Chi si è impadronito delle cose altrui, è soggetto a due riparazioni: deve sopportare la pena comminata dalla legge e deve restituire ciò che ha rubato.

Paolo Veronese - Transfigurazione di Cristo
Paolo Veronese - Transfigurazione di Cristo
Il Re, come legislatore, può esonerarlo dalla pena, ma non può in nessun modo esonerarlo dalla restituzione, perché que­sta è indispensabile. Nei casi in cui si dà esecuzione solo alla pena o a parte di essa e non ci si ricorda nemmeno della restituzione o non la si prende in considerazione, anche quando si fa giustizia, o si crede di farla, si agisce proprio contro giustizia.
Per finire torniamo a San Tommaso. Il Santo Dottore pone una domanda: Utrum sufficiat restituere simpliciter, quod injuste ablatum est. Perché la restituzione sia completa e ben fatta, basta restituire ciò che si è preso? E dopo essersi risposto che basta, essendo la restituzione un atto di giustizia e consistendo la giustizia in uguaglianza, argomenta contro questa sua risposta con la legge del capitolo XXII dell'Esodo, in cui Dio ordina a chi rubò un bue, di restituirne cinque. Allora, che si è rubato? E se basta restituire solo tanto quanto, come noi avevamo prima risposto, come si deve intendere questa legge? Si deve intendere - è sempre il Santo che risponde - distinguendo in essa due parti; la legge naturale, che obbliga alla restituzione, e la legge positiva che obbliga alla punizione del furto.
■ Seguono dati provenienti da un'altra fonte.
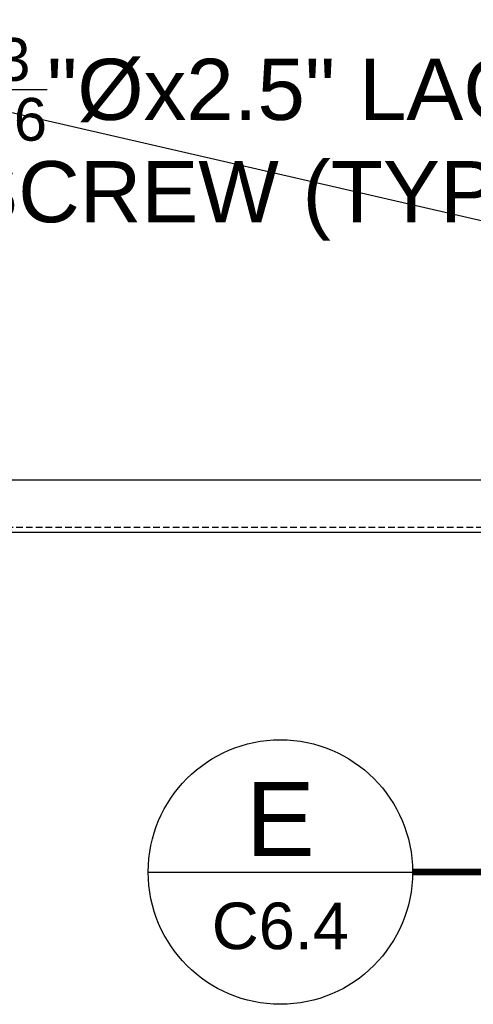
# Model space of a CAD drawing. Header units: feet. Extents: x -114 to 1432, y 355 to 669.
# Tile 54 of 195: x 142 to 159, y 428 to 466. Entities that reach past the tile are written whole.
import ezdxf
from ezdxf import colors
from ezdxf.entities.mleader import LeaderData, LeaderLine
from ezdxf.enums import TextEntityAlignment as Align
from ezdxf.math import Vec2, Vec3

# ---------------------------------------------------------------- set-up
doc = ezdxf.new("R2010")
doc.units = ezdxf.units.FT
doc.header["$MEASUREMENT"] = 0
doc.linetypes.add('DOT', pattern=[0.25, 0, -0.25])
doc.linetypes.add('HIDDEN', pattern=[0.375, 0.25, -0.125])
for name, color, linetype in [('A-BULLETINBOARD', 3, 'Continuous'), ('A-HIDDEN', 8, 'DOT'), ('G-ANNO-TXT', 7, 'Continuous'), ('Z-SYMS-GENL', 7, 'Continuous')]:
    doc.layers.add(name, color=color, linetype=linetype)
doc.styles.add('Arial', font='arial.ttf')

# ---------------------------------------------------------------- blocks, each defined once
blk = doc.blocks.new('DETAIL-TITLE')
at = {"color": 7, "linetype": 'Continuous'}
blk.add_line((-0.3125, 0), (0.3125, 0), dxfattribs=at)
blk.add_circle((0, 0), 0.3125, dxfattribs=at)
at = {"layer": 'Z-SYMS-GENL', "linetype": 'Continuous', "const_width": 0.0156}
blk.add_lwpolyline([(0.3125, 0), (4.8729, 0)], dxfattribs=at)
at = {"style": 'Arial'}
blk.add_attdef('SCALE', (0.4789, -0.2469), '', height=0.13, dxfattribs=at)
at = {"layer": 'Z-SYMS-GENL', "style": 'Arial'}
blk.add_attdef('DETAIL_TITLE', (0.4798, 0.0866), '', height=0.1875, dxfattribs=at)
at = {"layer": 'Z-SYMS-GENL', "linetype": 'Continuous', "style": 'Arial'}
for tag, height, p in [('X', 0.175, (0, 0.1252)), ('XX', 0.11, (0, -0.1272))]:
    blk.add_attdef(tag, text='', height=height, dxfattribs=at).set_placement(p, align=Align.MIDDLE)

msp = doc.modelspace()

# ---------------------------------------------------------------- linework, layer by layer
at = {"layer": 'A-BULLETINBOARD', "linetype": 'Continuous'}
for points in [[(174.3503, 446.1584), (174.3503, 494.1584), (126.3503, 494.1584), (126.3503, 446.1584)], [(172.3503, 448.1584), (172.3503, 492.1584), (128.3503, 492.1584), (128.3503, 448.1584)]]:
    msp.add_lwpolyline(points, close=True, dxfattribs=at)
at = {"layer": 'A-HIDDEN', "linetype": 'HIDDEN'}
msp.add_lwpolyline([(174.1628, 446.3459), (174.1628, 493.9709), (126.5378, 493.9709), (126.5378, 446.3459)], close=True, dxfattribs=at)

# ---------------------------------------------------------------- block references
at = {"layer": 'G-ANNO-TXT'}
ref = msp.add_blockref('DETAIL-TITLE', (152.0323, 433.1461), dxfattribs=dict(at, xscale=16.2, yscale=16.2, zscale=16.2))
ref.add_attrib('X', 'E', dxfattribs={"layer": 'Z-SYMS-GENL', "linetype": 'Continuous', "height": 2.835, "style": 'Arial'}).set_placement((152.0321, 435.1743), align=Align.MIDDLE)
ref.add_attrib('XX', 'C6.4', dxfattribs={"layer": 'Z-SYMS-GENL', "linetype": 'Continuous', "height": 1.782, "style": 'Arial'}).set_placement((152.0321, 431.0856), align=Align.MIDDLE)

# ---------------------------------------------------------------- leaders
ml = msp.add_multileader_mtext('Standard', dxfattribs=at)
ml.set_content('\\A1;{\\H0.7x;\\S3/16;}"%%Cx2.5" LAG\\PSCREW (TYP.)', color=7, style='Arial')
ml.set_leader_properties(color=2, linetype='ByLayer', lineweight=-1)
ml.build(insert=Vec2(0, 0))
ml.multileader.update_dxf_attribs({"dogleg_length": 0.125, "arrow_head_size": 2.88, "scale": 18})
ctx = ml.context
ctx.base_point, ctx.scale, ctx.char_height, ctx.arrow_head_size, ctx.landing_gap_size, ctx.plane_origin = Vec3(138.1359, 463.5541), 18, 2.34, 2.88, 1.8, Vec3(176.646, 476.1584)
ctx.text_align_type = 1
notes = []
notes.append((ctx, [(0, (1, 1, 0), (135.8859, 463.5541), (1, 0), 2.25, [(0, [(175.0408, 454.5516)], 0, []), (1, [(126.7848, 454.2633)], 0, [])])]))
ctx.mtext.insert, ctx.mtext.alignment, ctx.mtext.flow_direction = Vec3(151.0629, 465.0681), 2, 5
for ctx, leaders in notes:
    for number, flags, end, landing, length, lines in leaders:
        leader = LeaderData()
        leader.index, (leader.has_last_leader_line, leader.has_dogleg_vector, leader.attachment_direction) = number, flags
        leader.last_leader_point, leader.dogleg_vector, leader.dogleg_length = Vec3(end), Vec3(landing), length
        for number, points, colour, breaks in lines:
            line = LeaderLine()
            line.index, line.vertices, line.color, line.breaks = number, Vec3.list(points), colors.encode_raw_color(colour), breaks
            leader.lines.append(line)
        ctx.leaders.append(leader)

doc.saveas('drawing.dxf')

La legge naturale vuole l'uguaglianza del danno, e perciò comanda che si restituisca tanto per tanto; la legge positiva invece vuole il castigo del delitto di furto, e contempla una pena quattro volte superiore al furto, ordinando di restituire cinque invece di uno. Si deve tuttavia notare - aggiun­ge il Santo Dottore - che fra la restituzione e la pena c'è una grande differenza: infatti il colpevole non è obbligato a scontare la pena prima della sentenza; è invece sempre obbligato a restituire ciò che ha rubato, anche se non lo sentenzieranno, e non lo obbligheranno a farlo.
Da queste parole risulta chiaro anche l'errore enorme di quella parvenza di giustizia che qualche volta viene posta in atto. Si pone agli arresti, chi si è macchiato del delitto di furto e poi, finita la pena, lo si libera.
Ma che cosa si conclude con questo? Chi è stato in prigione, una volta scontata la pena, se ne va allegro e contento; il Re pensa di aver soddisfatto l'obbligo di fare giustizia, e invece né uno né l'altro non ha scontato niente, e tutti due sono obbligati alla restituzione del furto, sotto pena di non salvare le loro anime; il reo perché non ha fatto la restituzione, il Re perché non lo ha fatto restituire. Tolga dunque il Re in modo esecutivo il patrimonio a quelli che hanno rubato, e faccia lui stesso la restituzione, dato che i ladri non la fanno mai, e con questo sistema (non ce n'è e non ce ne può essere un altro diverso) invece di essere i ladri a portare con sé i Re all'inferno, come sta avvenendo, saranno i Re a condurre in paradiso i ladri, come fece Cristo: Hodie mecum eris in paradiso.